I invite you and every physicist to read my work “TIME ORIGIN,DEFINITION AND EMPIRICAL MEANING FOR PHYSICISTS, Héctor Daniel Gianni ,I’m not a physicist.

How people interested in “Time” could feel about related things to the subject.

1) Intellectuals interested in Time issues usually have a nice and creative wander for the unknown.

2) They usually enjoy this wander of their searches around it.

3) For millenniums this wander has been shared by a lot of creative people around the world.

4) What if suddenly, something considered quasi impossible to be found or discovered such as “Time” definition and experimental meaning confronts them?
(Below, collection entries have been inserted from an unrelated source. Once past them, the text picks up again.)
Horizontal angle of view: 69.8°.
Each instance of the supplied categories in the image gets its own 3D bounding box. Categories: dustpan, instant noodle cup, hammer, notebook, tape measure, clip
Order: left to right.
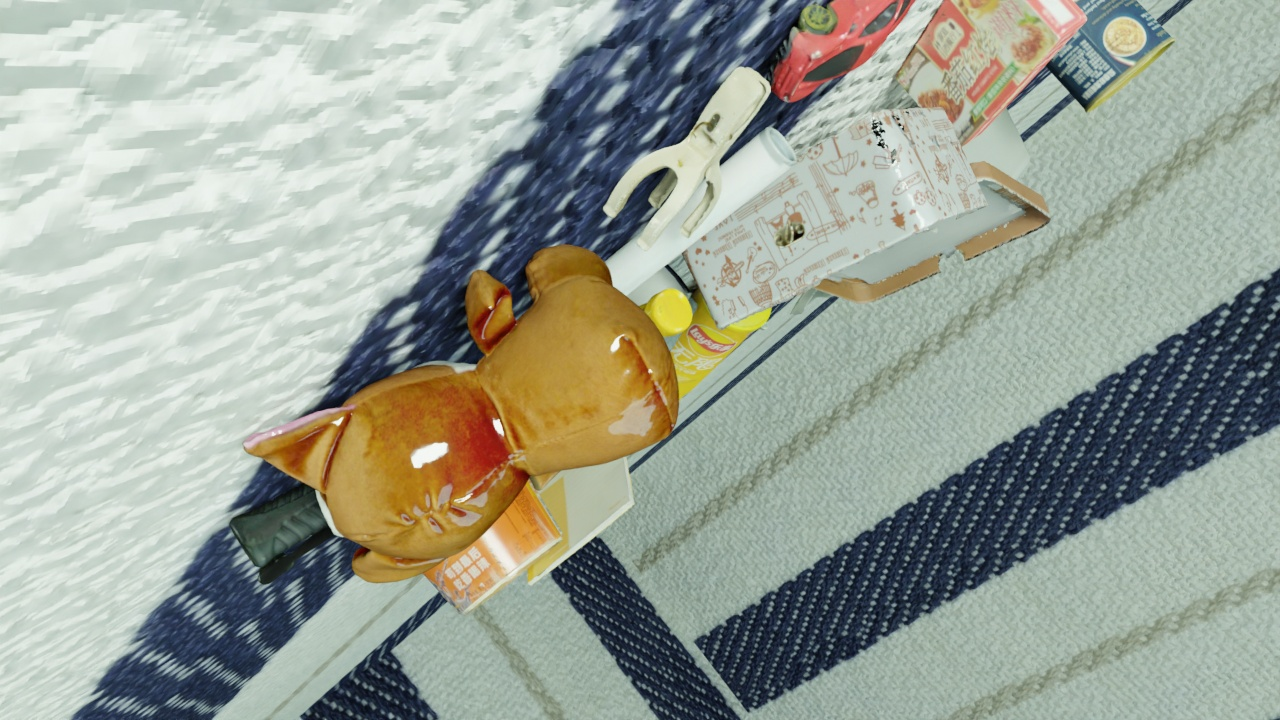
[{"bbox_3d":[-0.107,0.037,0.579,0.300,0.033,0.129,-30,-177,-29],"label":"hammer"},{"bbox_3d":[-0.152,0.161,0.871,0.151,0.111,0.151,-38,173,-6],"label":"instant noodle cup"},{"bbox_3d":[-0.071,0.126,0.979,0.146,0.010,0.206,-40,-151,17],"label":"notebook"},{"bbox_3d":[0.006,-0.043,0.709,0.065,0.033,0.066,-39,173,-5],"label":"tape measure"},{"bbox_3d":[0.029,-0.101,0.479,0.101,0.035,0.096,-47,167,5],"label":"clip"},{"bbox_3d":[0.254,-0.187,0.879,0.258,0.142,0.222,-19,-162,49],"label":"dustpan"}]

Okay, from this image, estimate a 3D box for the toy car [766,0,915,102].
[{"bbox_3d":[0.110,-0.169,0.463,0.106,0.031,0.049,-38,174,-18],"label":"toy car"}]

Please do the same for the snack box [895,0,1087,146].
[{"bbox_3d":[0.227,-0.207,0.614,0.025,0.075,0.153,-36,172,-10],"label":"snack box"}]

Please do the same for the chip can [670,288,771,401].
[{"bbox_3d":[0.053,-0.017,0.943,0.071,0.072,0.214,-34,172,-33],"label":"chip can"}]

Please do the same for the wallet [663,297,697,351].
[{"bbox_3d":[-0.005,0.005,0.857,0.129,0.037,0.107,-56,-176,-31],"label":"wallet"}]

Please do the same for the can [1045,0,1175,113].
[{"bbox_3d":[0.340,-0.259,0.708,0.075,0.111,0.075,-36,171,-7],"label":"can"}]

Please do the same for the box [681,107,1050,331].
[{"bbox_3d":[0.172,-0.098,0.679,0.179,0.102,0.260,-26,176,39],"label":"box"}]

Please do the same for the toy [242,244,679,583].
[{"bbox_3d":[-0.083,0.028,0.470,0.199,0.140,0.130,-35,-147,-11],"label":"toy"}]

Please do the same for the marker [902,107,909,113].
[{"bbox_3d":[0.198,-0.181,0.846,0.132,0.020,0.022,-41,-166,14],"label":"marker"}]

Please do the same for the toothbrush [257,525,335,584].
[{"bbox_3d":[-0.181,0.090,0.652,0.212,0.026,0.027,-36,-145,-6],"label":"toothbrush"}]

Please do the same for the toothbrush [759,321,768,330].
[{"bbox_3d":[0.112,-0.055,0.977,0.017,0.016,0.187,-28,-165,4],"label":"toothbrush"}]

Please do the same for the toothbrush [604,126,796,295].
[{"bbox_3d":[0.002,-0.064,0.567,0.222,0.026,0.026,-36,167,30],"label":"toothbrush"}]
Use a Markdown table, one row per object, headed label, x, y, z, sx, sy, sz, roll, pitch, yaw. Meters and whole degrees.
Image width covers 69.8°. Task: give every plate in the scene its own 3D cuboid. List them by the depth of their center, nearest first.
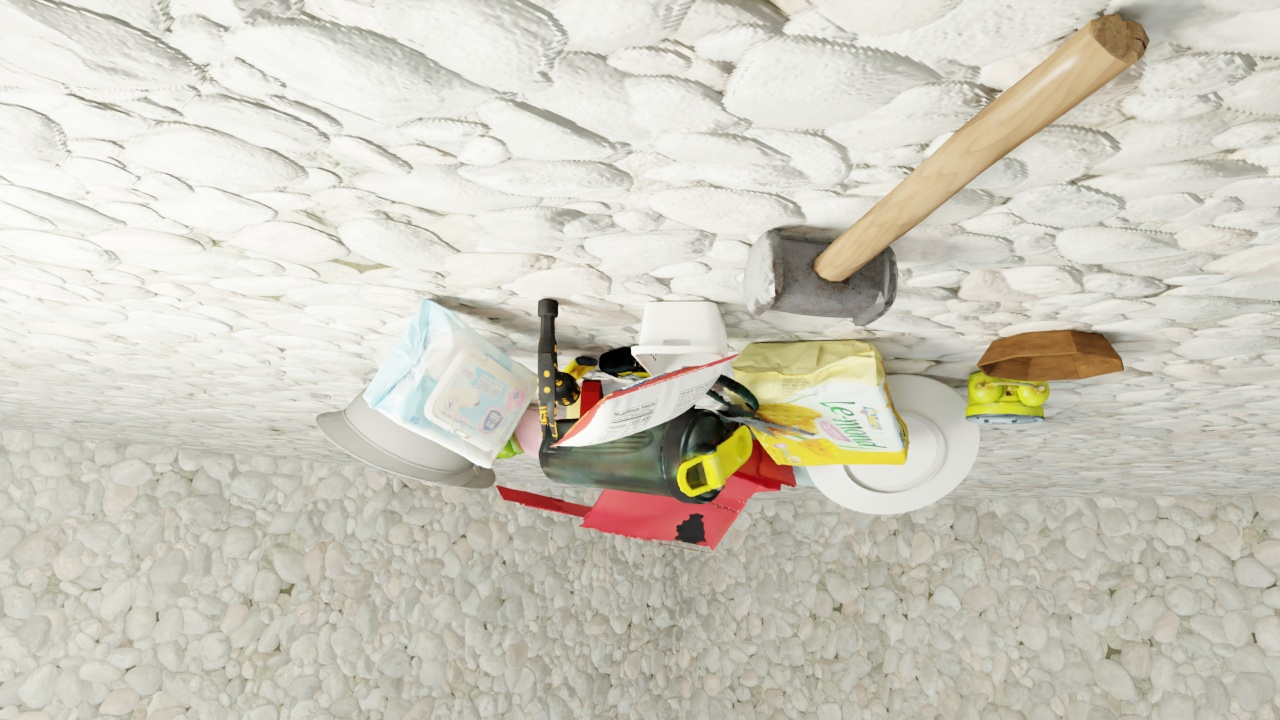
| label | x | y | z | sx | sy | sz | roll | pitch | yaw |
| --- | --- | --- | --- | --- | --- | --- | --- | --- | --- |
| plate | 0.392 | -0.005 | 0.879 | 0.131 | 0.025 | 0.131 | 3 | 168 | 0 |
| plate | 0.304 | 0.109 | 1.107 | 0.208 | 0.209 | 0.015 | 3 | -149 | 2 |

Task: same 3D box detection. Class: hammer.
| label | x | y | z | sx | sy | sz | roll | pitch | yaw |
| --- | --- | --- | --- | --- | --- | --- | --- | --- | --- |
| hammer | 0.149 | -0.087 | 0.511 | 0.098 | 0.052 | 0.329 | 5 | 165 | -11 |
| hammer | -0.086 | 0.025 | 0.956 | 0.036 | 0.123 | 0.321 | 0 | 173 | -2 |

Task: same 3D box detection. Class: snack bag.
| label | x | y | z | sx | sy | sz | roll | pitch | yaw |
| --- | --- | --- | --- | --- | --- | --- | --- | --- | --- |
| snack bag | 0.001 | 0.039 | 0.802 | 0.130 | 0.039 | 0.144 | -17 | 167 | -29 |
| snack bag | 0.197 | 0.050 | 0.990 | 0.160 | 0.068 | 0.247 | -4 | 152 | 22 |

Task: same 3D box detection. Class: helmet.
| label | x | y | z | sx | sy | sz | roll | pitch | yaw |
| --- | --- | --- | --- | --- | --- | --- | --- | --- | --- |
| helmet | -0.286 | 0.076 | 1.229 | 0.270 | 0.118 | 0.183 | 20 | -169 | -44 |

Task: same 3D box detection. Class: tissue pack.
| label | x | y | z | sx | sy | sz | roll | pitch | yaw |
| --- | --- | --- | --- | --- | --- | --- | --- | --- | --- |
| tissue pack | -0.176 | 0.026 | 0.879 | 0.070 | 0.112 | 0.182 | 28 | 172 | 31 |

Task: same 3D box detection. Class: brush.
| label | x | y | z | sx | sy | sz | roll | pitch | yaw |
| --- | --- | --- | --- | --- | --- | --- | --- | --- | --- |
| brush | -0.075 | 0.078 | 1.248 | 0.042 | 0.082 | 0.173 | 3 | 168 | 0 |

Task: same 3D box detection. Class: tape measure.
| label | x | y | z | sx | sy | sz | roll | pitch | yaw |
| --- | --- | --- | --- | --- | --- | --- | --- | --- | --- |
| tape measure | -0.006 | 0.006 | 1.004 | 0.061 | 0.034 | 0.062 | 11 | 167 | -42 |

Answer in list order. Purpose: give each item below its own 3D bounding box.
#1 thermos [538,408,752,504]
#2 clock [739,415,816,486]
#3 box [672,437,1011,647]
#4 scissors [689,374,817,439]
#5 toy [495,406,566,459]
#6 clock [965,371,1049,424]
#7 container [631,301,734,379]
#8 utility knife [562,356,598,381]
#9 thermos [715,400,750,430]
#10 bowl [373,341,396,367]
| label | x | y | z | sx | sy | sz | roll | pitch | yaw |
| --- | --- | --- | --- | --- | --- | --- | --- | --- | --- |
| thermos | -0.002 | 0.097 | 0.947 | 0.221 | 0.098 | 0.098 | -1 | 168 | 35 |
| clock | 0.207 | 0.096 | 1.193 | 0.159 | 0.122 | 0.045 | 19 | 141 | 12 |
| box | 0.136 | 0.170 | 0.976 | 0.214 | 0.171 | 0.478 | 20 | -164 | -35 |
| scissors | 0.077 | 0.044 | 0.918 | 0.202 | 0.015 | 0.204 | 10 | 163 | 14 |
| toy | -0.219 | 0.111 | 1.435 | 0.238 | 0.087 | 0.190 | 4 | 152 | 15 |
| clock | 0.405 | 0.041 | 1.018 | 0.083 | 0.057 | 0.119 | 1 | 169 | 13 |
| container | 0.042 | -0.017 | 0.843 | 0.081 | 0.049 | 0.129 | 1 | 168 | 11 |
| utility knife | -0.087 | 0.020 | 1.148 | 0.030 | 0.019 | 0.225 | 15 | 169 | -12 |
| thermos | 0.191 | 0.103 | 1.320 | 0.108 | 0.084 | 0.198 | -26 | 157 | 28 |
| bowl | -0.215 | 0.017 | 0.972 | 0.051 | 0.114 | 0.114 | -36 | 154 | 16 |
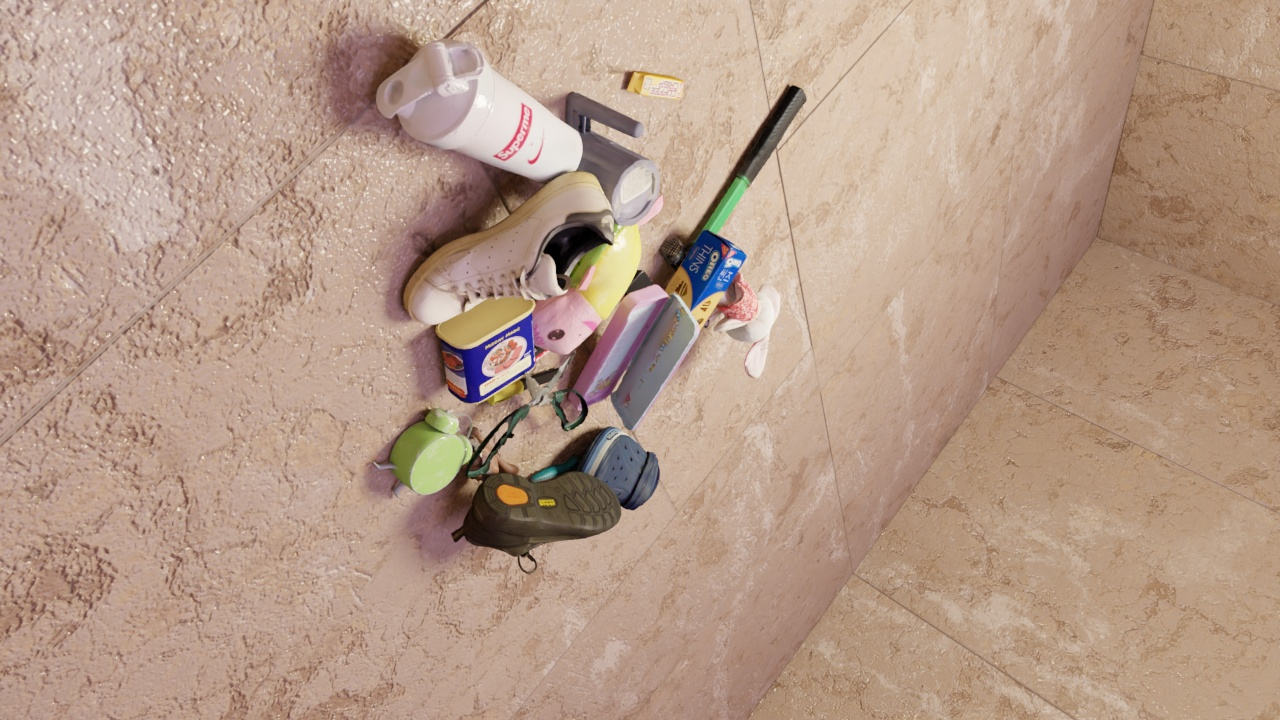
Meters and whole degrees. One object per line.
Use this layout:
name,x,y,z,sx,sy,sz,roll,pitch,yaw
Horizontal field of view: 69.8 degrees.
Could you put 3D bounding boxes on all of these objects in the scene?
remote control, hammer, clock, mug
remote control,0.011,-0.079,1.292,0.041,0.020,0.152,-49,149,-7
hammer,0.145,-0.255,1.322,0.318,0.032,0.130,-58,148,-3
clock,-0.243,0.108,1.072,0.119,0.042,0.094,-45,148,-22
mug,-0.040,-0.221,1.014,0.083,0.104,0.124,-29,139,-38

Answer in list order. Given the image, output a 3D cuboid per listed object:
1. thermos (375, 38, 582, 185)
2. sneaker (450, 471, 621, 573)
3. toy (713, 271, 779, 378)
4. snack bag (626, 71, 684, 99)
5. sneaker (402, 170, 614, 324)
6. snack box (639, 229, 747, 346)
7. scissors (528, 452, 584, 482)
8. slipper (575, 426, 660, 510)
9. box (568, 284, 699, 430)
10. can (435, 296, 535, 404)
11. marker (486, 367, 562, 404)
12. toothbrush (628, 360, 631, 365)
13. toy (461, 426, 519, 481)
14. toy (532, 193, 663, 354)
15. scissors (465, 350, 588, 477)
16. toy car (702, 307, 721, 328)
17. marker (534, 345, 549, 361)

5) Their reaction would be like, something unbelievable,… a kind of disappointment, probably interpreted as a loss of wander…..

6) ….worst than that, if we say that what was found or discovered wasn’t a viable theory, but a proved fact.

7) Then it would become offensive to be part of the millenary problem solution, instead of being a reason for happiness and satisfaction.

8) The reader approach to the news would be paradoxically adverse.

9) Instead, I think it should be a nice welcome to discovery, to be received with opened arms and considered to be read with full attention.

11)Time “existence” is exclusive as a “measuring system”, its physical existence can’t be proved by science, as the “time system” is. Experimentally “time” is “movement”, we can prove that, showing that with clocks we measure “constant and uniform” movement and not “the so called Time”.

12)The original “time manuscript” has 23 pages, my manuscript in this contest has only 9 pages.

I share this brief with people interested in “time” and with physicists who have been in sore need of this issue for the last 50 or 60 years.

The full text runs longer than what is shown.